Django model information¶
The Django model information is provided by a Django class on the document class that defines the model and any fields names to be indexed directly from the model. A get_queryset method can be overriden to perform any filtering on the model's queryset before content is indexed.
from ask_cfpb.models.answer_page import AnswerPage
class AnswerPageDocument(Document):
    def get_queryset(self):
        query_set = super().get_queryset()
        return query_set.filter(live=True, redirect_to_page=None)
    class Django:
        model = AnswerPage
        fields = [
            'search_tags',
            'language',
        ]
The fields in fields will be indexed without any preparation/manipulation, directly as are stored on the model.
Custom fields¶
Sometimes it might be desirable to index a field as an alternative type — say, the string that matches an integer for a Django field that species choices.
It might also be desirable to construct a field to index from multiple fields on the model, particularly for Wagtail pages with stream fields.
We may also want to specify Elasticsearch-specific field properties, like a custom analyzer.

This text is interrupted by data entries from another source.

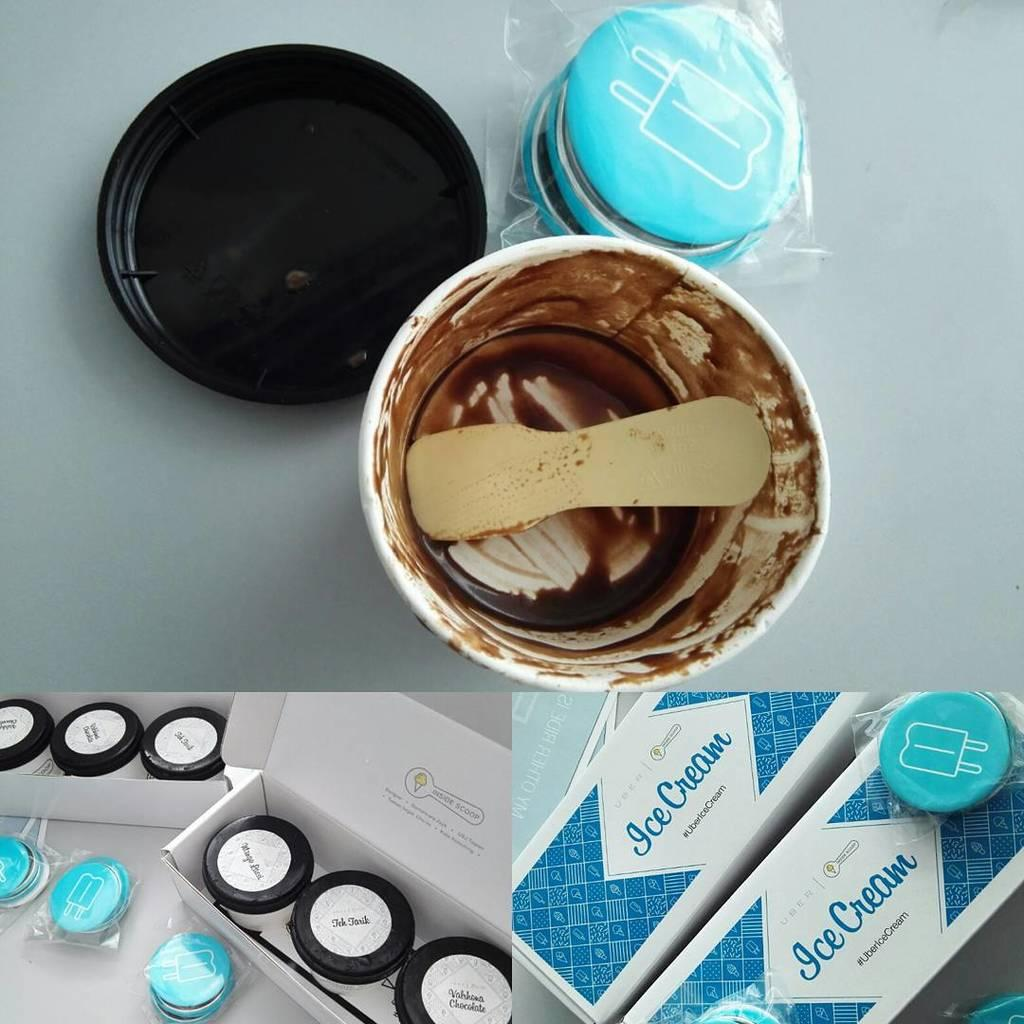<image>
Create a compact narrative representing the image presented. several different scenes of UBER Ice CREAM boxes and containers 
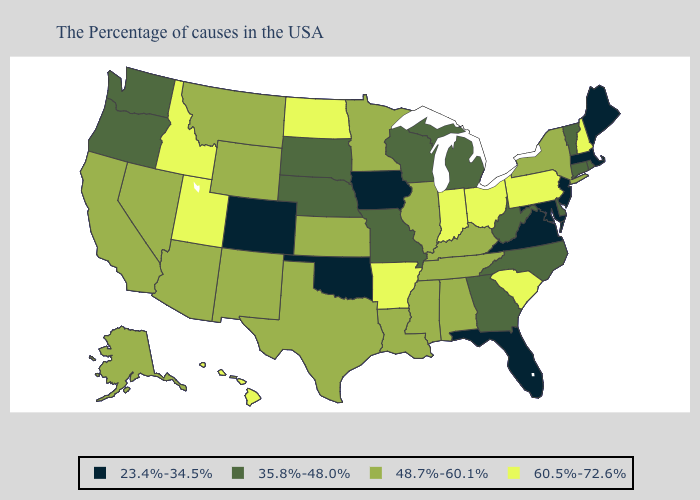Name the states that have a value in the range 48.7%-60.1%?
Write a very short answer. New York, Kentucky, Alabama, Tennessee, Illinois, Mississippi, Louisiana, Minnesota, Kansas, Texas, Wyoming, New Mexico, Montana, Arizona, Nevada, California, Alaska. Name the states that have a value in the range 23.4%-34.5%?
Keep it brief. Maine, Massachusetts, New Jersey, Maryland, Virginia, Florida, Iowa, Oklahoma, Colorado. Does Nevada have the lowest value in the West?
Quick response, please. No. Name the states that have a value in the range 48.7%-60.1%?
Concise answer only. New York, Kentucky, Alabama, Tennessee, Illinois, Mississippi, Louisiana, Minnesota, Kansas, Texas, Wyoming, New Mexico, Montana, Arizona, Nevada, California, Alaska. Name the states that have a value in the range 35.8%-48.0%?
Keep it brief. Rhode Island, Vermont, Connecticut, Delaware, North Carolina, West Virginia, Georgia, Michigan, Wisconsin, Missouri, Nebraska, South Dakota, Washington, Oregon. What is the value of Oklahoma?
Keep it brief. 23.4%-34.5%. Which states hav the highest value in the South?
Concise answer only. South Carolina, Arkansas. Does Georgia have a lower value than California?
Answer briefly. Yes. Name the states that have a value in the range 48.7%-60.1%?
Give a very brief answer. New York, Kentucky, Alabama, Tennessee, Illinois, Mississippi, Louisiana, Minnesota, Kansas, Texas, Wyoming, New Mexico, Montana, Arizona, Nevada, California, Alaska. What is the value of Massachusetts?
Quick response, please. 23.4%-34.5%. What is the value of Colorado?
Short answer required. 23.4%-34.5%. Among the states that border Georgia , does Florida have the lowest value?
Be succinct. Yes. Name the states that have a value in the range 35.8%-48.0%?
Be succinct. Rhode Island, Vermont, Connecticut, Delaware, North Carolina, West Virginia, Georgia, Michigan, Wisconsin, Missouri, Nebraska, South Dakota, Washington, Oregon. What is the value of Idaho?
Give a very brief answer. 60.5%-72.6%. Name the states that have a value in the range 35.8%-48.0%?
Concise answer only. Rhode Island, Vermont, Connecticut, Delaware, North Carolina, West Virginia, Georgia, Michigan, Wisconsin, Missouri, Nebraska, South Dakota, Washington, Oregon. 
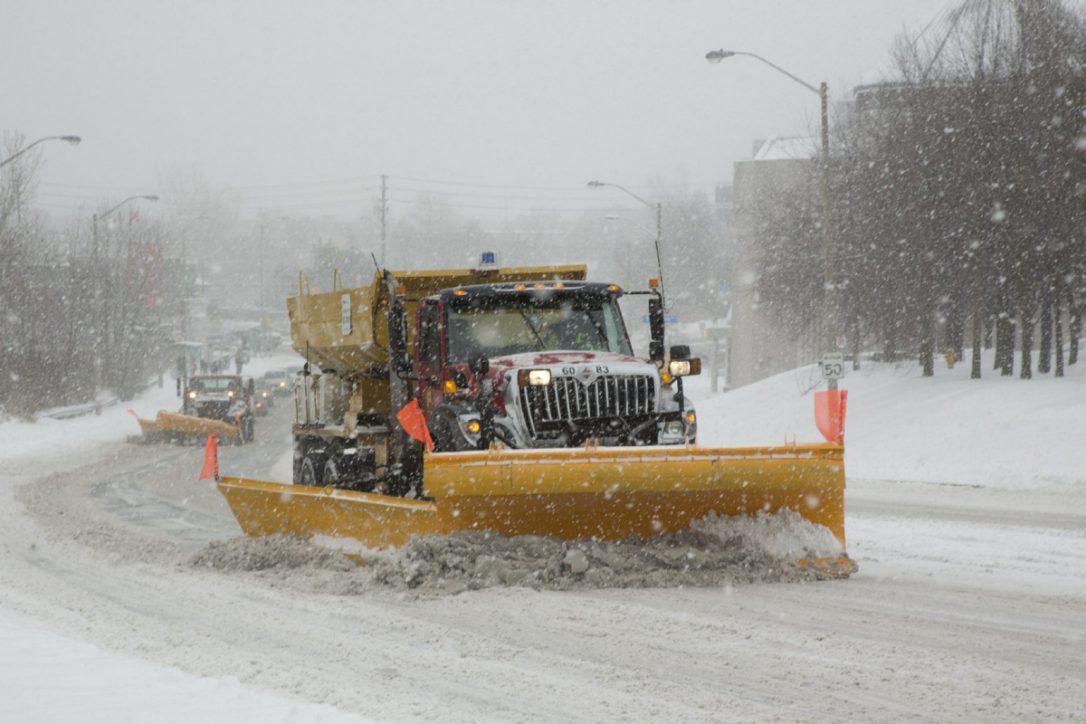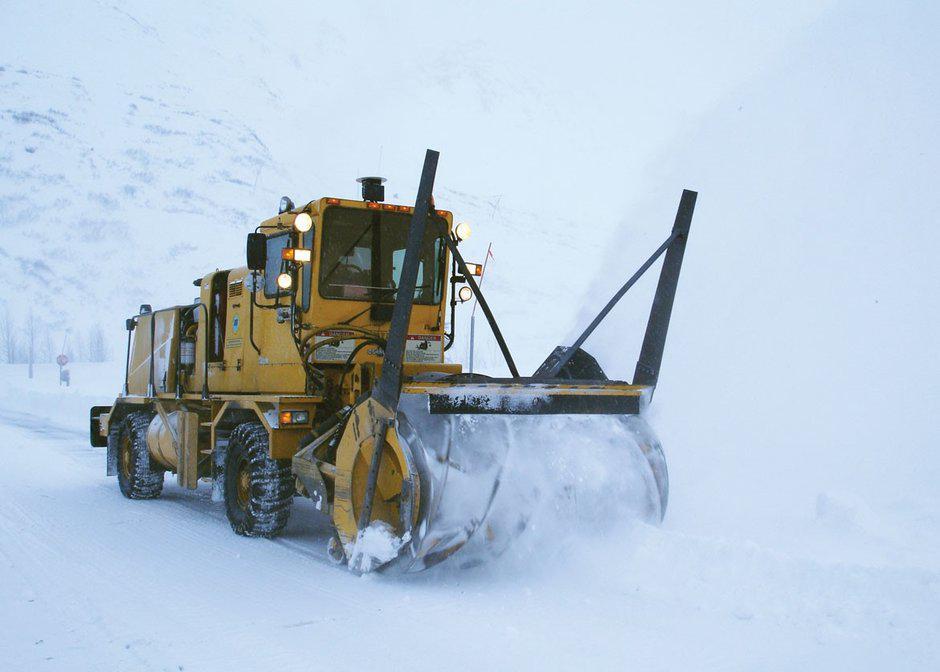The first image is the image on the left, the second image is the image on the right. Examine the images to the left and right. Is the description "there are two bulldozers facing the same direction" accurate? Answer yes or no. No. The first image is the image on the left, the second image is the image on the right. For the images shown, is this caption "The plow on the truck in the left image is yellow." true? Answer yes or no. Yes. 
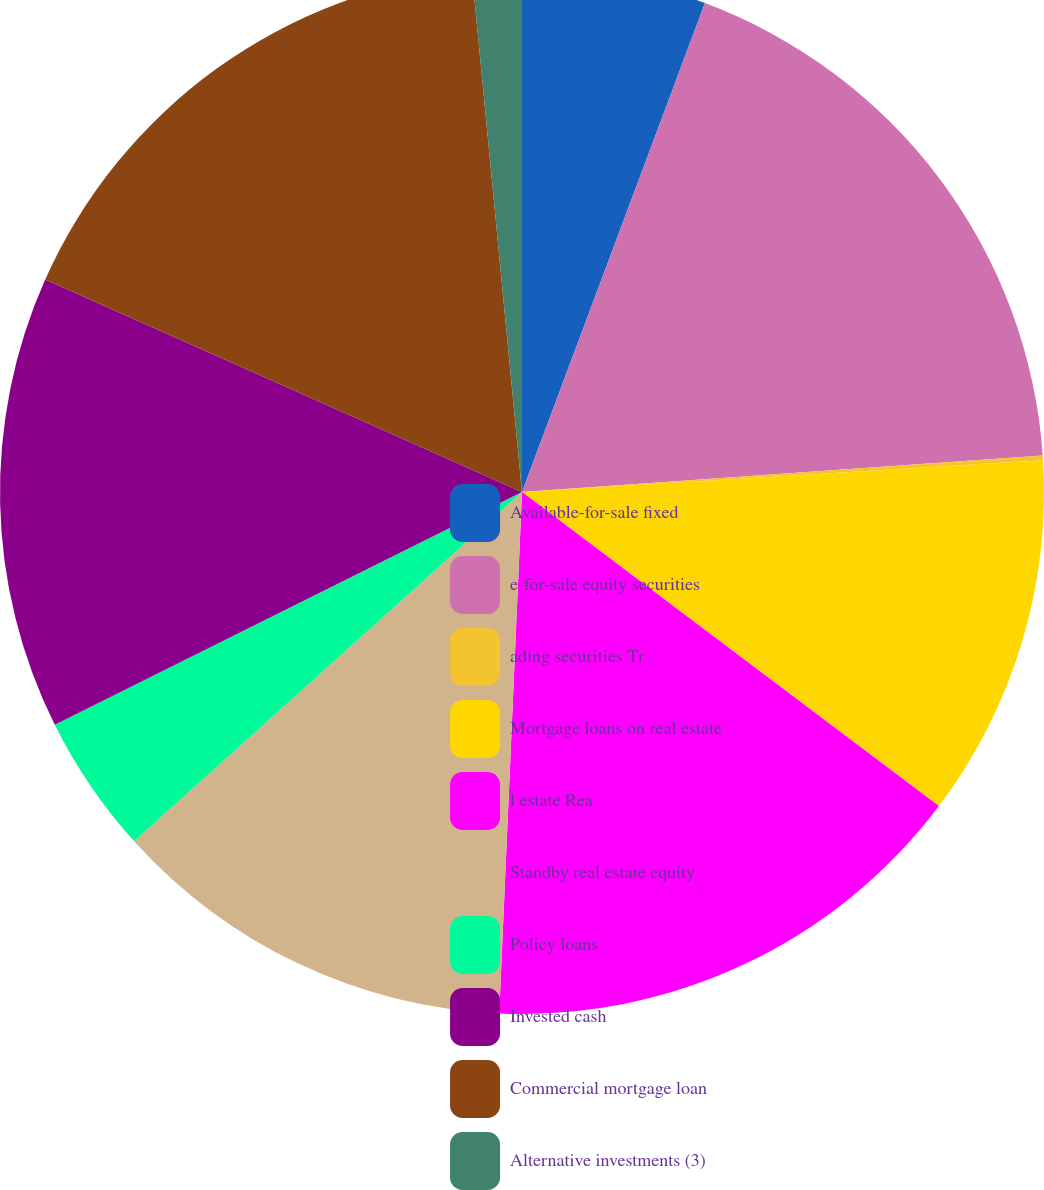Convert chart to OTSL. <chart><loc_0><loc_0><loc_500><loc_500><pie_chart><fcel>Available-for-sale fixed<fcel>e-for-sale equity securities<fcel>ading securities Tr<fcel>Mortgage loans on real estate<fcel>l estate Rea<fcel>Standby real estate equity<fcel>Policy loans<fcel>Invested cash<fcel>Commercial mortgage loan<fcel>Alternative investments (3)<nl><fcel>5.7%<fcel>18.19%<fcel>0.14%<fcel>11.25%<fcel>15.42%<fcel>12.64%<fcel>4.31%<fcel>14.03%<fcel>16.8%<fcel>1.53%<nl></chart> 
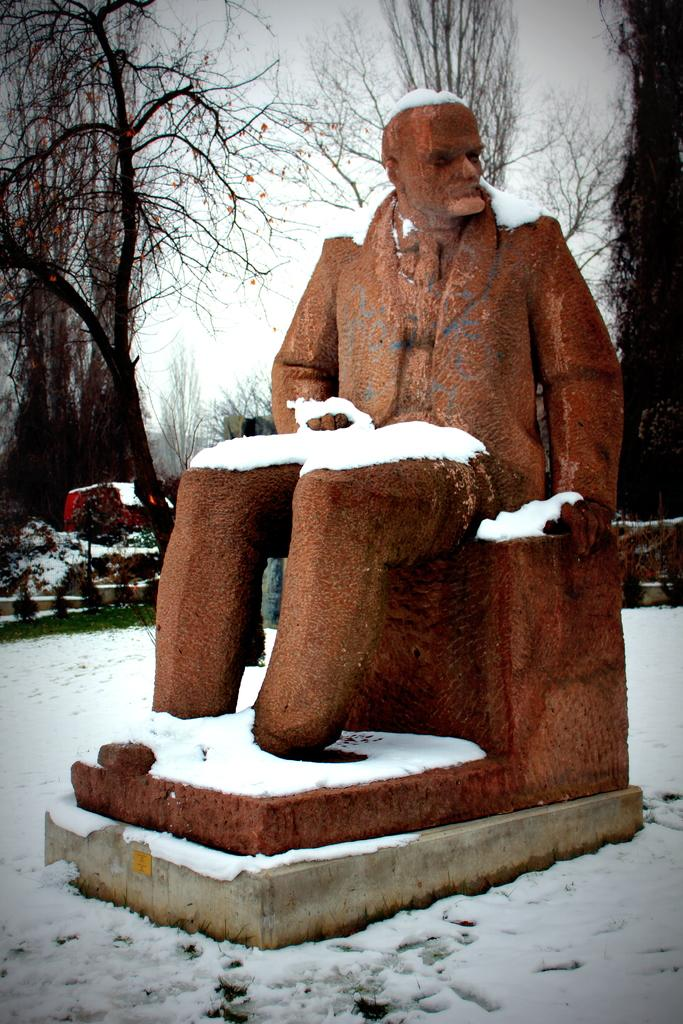What is the main subject of the image? There is a sculpture of a person at the center of the image. What is the person in the sculpture doing? The person is sitting. What is the environment like around the sculpture? There is snow around the sculpture. What can be seen in the background of the image? There are trees at the back of the image. What type of scent can be detected coming from the volcano in the image? There is no volcano present in the image, so it is not possible to detect any scent coming from a volcano.

To do so, we specify custom fields as attributes on the document class, with an attr argument that specifies the field on the model to reference.
from django_opensearch_dsl import fields
from search.elasticsearch_helpers import synonym_analyzer
class AnswerPageDocument(Document):
    text = fields.TextField(attr="text", analyzer=synonym_analyzer)
The attr on the model can be a @property or a Django model field.
We can also do any data preparation/manipulation for fields using prepare_-prefixed methods.
from django_opensearch_dsl import fields
class AnswerPageDocument(Document):
    portal_topics = fields.KeywordField()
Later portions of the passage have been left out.